O Hospital Municipal Jesus é referência e, graças a ele, o município do Rio de Janeiro foi pioneiro neste tipo de atendimento em todo o Brasil. A primeira classe hospitalar começou a funcionar em Vila Isabel, no dia 14 de agosto de 1950. No entanto, a legislação brasileira só passou a reconhecer a classe hospitalar oficialmente há 20 anos, quando foi publicada a Política Nacional de Educação Especial. Em junho de 2014, tanto cuidado com a educação das crianças internadas foi recompensado: uma Portaria Interministerial, celebrada entre os ministérios da Saúde e da Educação, concedeu ao Hospital Municipal Jesus a Certificação de Hospital de Ensino. Por enquanto, ele é o único do estado do Rio de Janeiro, sendo que existem apenas outros dez em todo o Brasil. O selo de qualidade reconhece a instituição como adequada para o desenvolvimento de boas práticas assistenciais e educativas, além de ch jogosgarantir recursos ministeriais para ações de melhoria em diversas áreas do hospital.
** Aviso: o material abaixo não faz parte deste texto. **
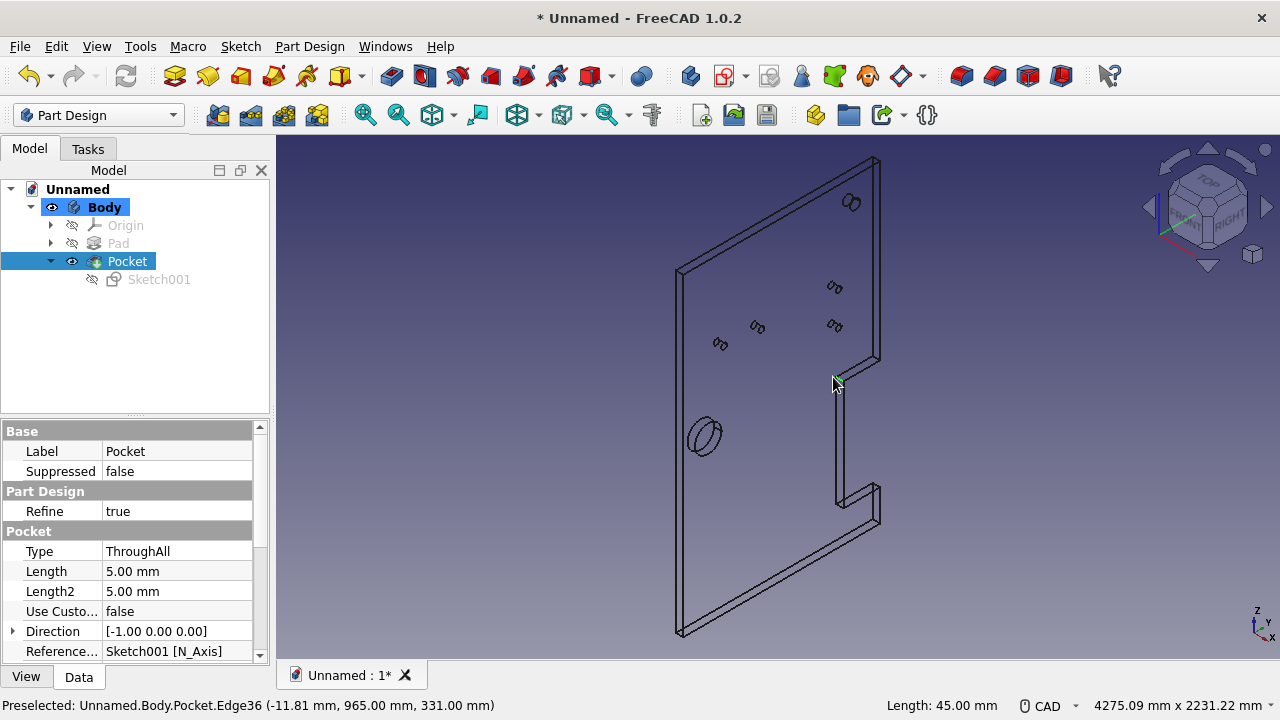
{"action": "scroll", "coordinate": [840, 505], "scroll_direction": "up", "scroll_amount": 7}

No Hospital Jesus, a parte da manhã se destina ao atendimento dos pacientes no leito, enquanto, à tarde, quem pode sair da enfermaria vai à sala de aula. Atualmente, são quatro os profissionais de ensino à disposição do hospital, o que faz com que o atendimento seja prestado apenas a partir dos 3 anos. Nas palavras de Elizabeth, a reação da maioria surpreende, em especial a dos pais. “A gente imagina que as crianças não vão gostar, mas acontece o inverso: elas ficam muito felizes.” A professora acredita que, quanto mais informação circular sobre as classes hospitalares, mais se pode contribuir para o estreitamento das relações entre educadores, equipe médica e família, o que colabora para fortalecer políticas específicas. Segundo a veterana, atuar nessa área requer um perfil diferenciado, que implica uma disponibilidade e uma abertura ainda maiores para o aluno.
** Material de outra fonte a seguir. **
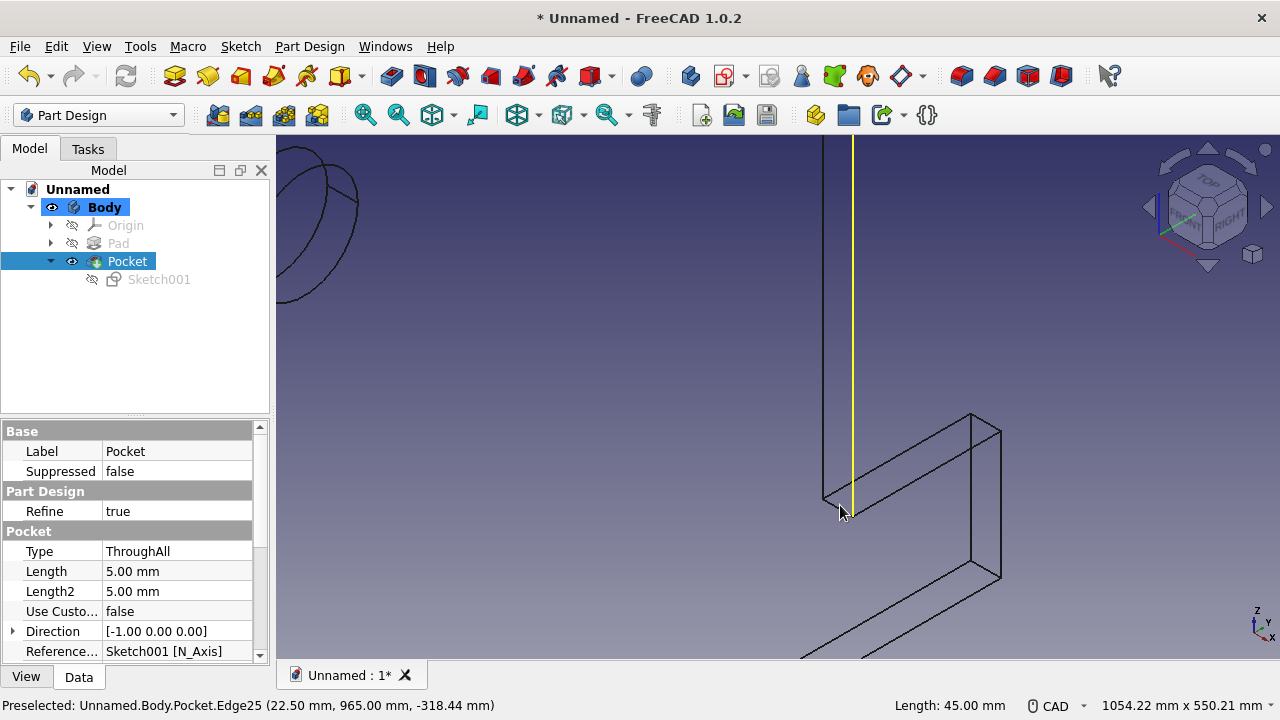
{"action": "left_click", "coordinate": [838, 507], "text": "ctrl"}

“Gratifica muito essa oportunidade de fazer um trabalho tão humanizado, poder acompanhar o despertar do potencial da criança, tanto em termos de perspectiva de futuro quanto em relação aos deveres.” Se por acaso Elizabeth reencontra o aluno que volta ao hospital para uma nova internação, o contato é sempre positivo: geralmente, ele conta sobre os progressos que anda fazendo e faz questão de dizer o ano que já está frequentando. O desejo de se superar é uma marca do ambiente escolar em situação de internação, para o qual não faltam exemplos. Houve um menino que sofreu umas 20 cirurgias, mas, ainda assim, se formou em Computação Gráfica e já participou de vários eventos conosco. As adversidades que o destino nos impõe devem ser transformadas em novos caminhos, e essa visão serve não apenas para as crianças e suas famílias, mas também para nós, profissionais de saúde e de educação.”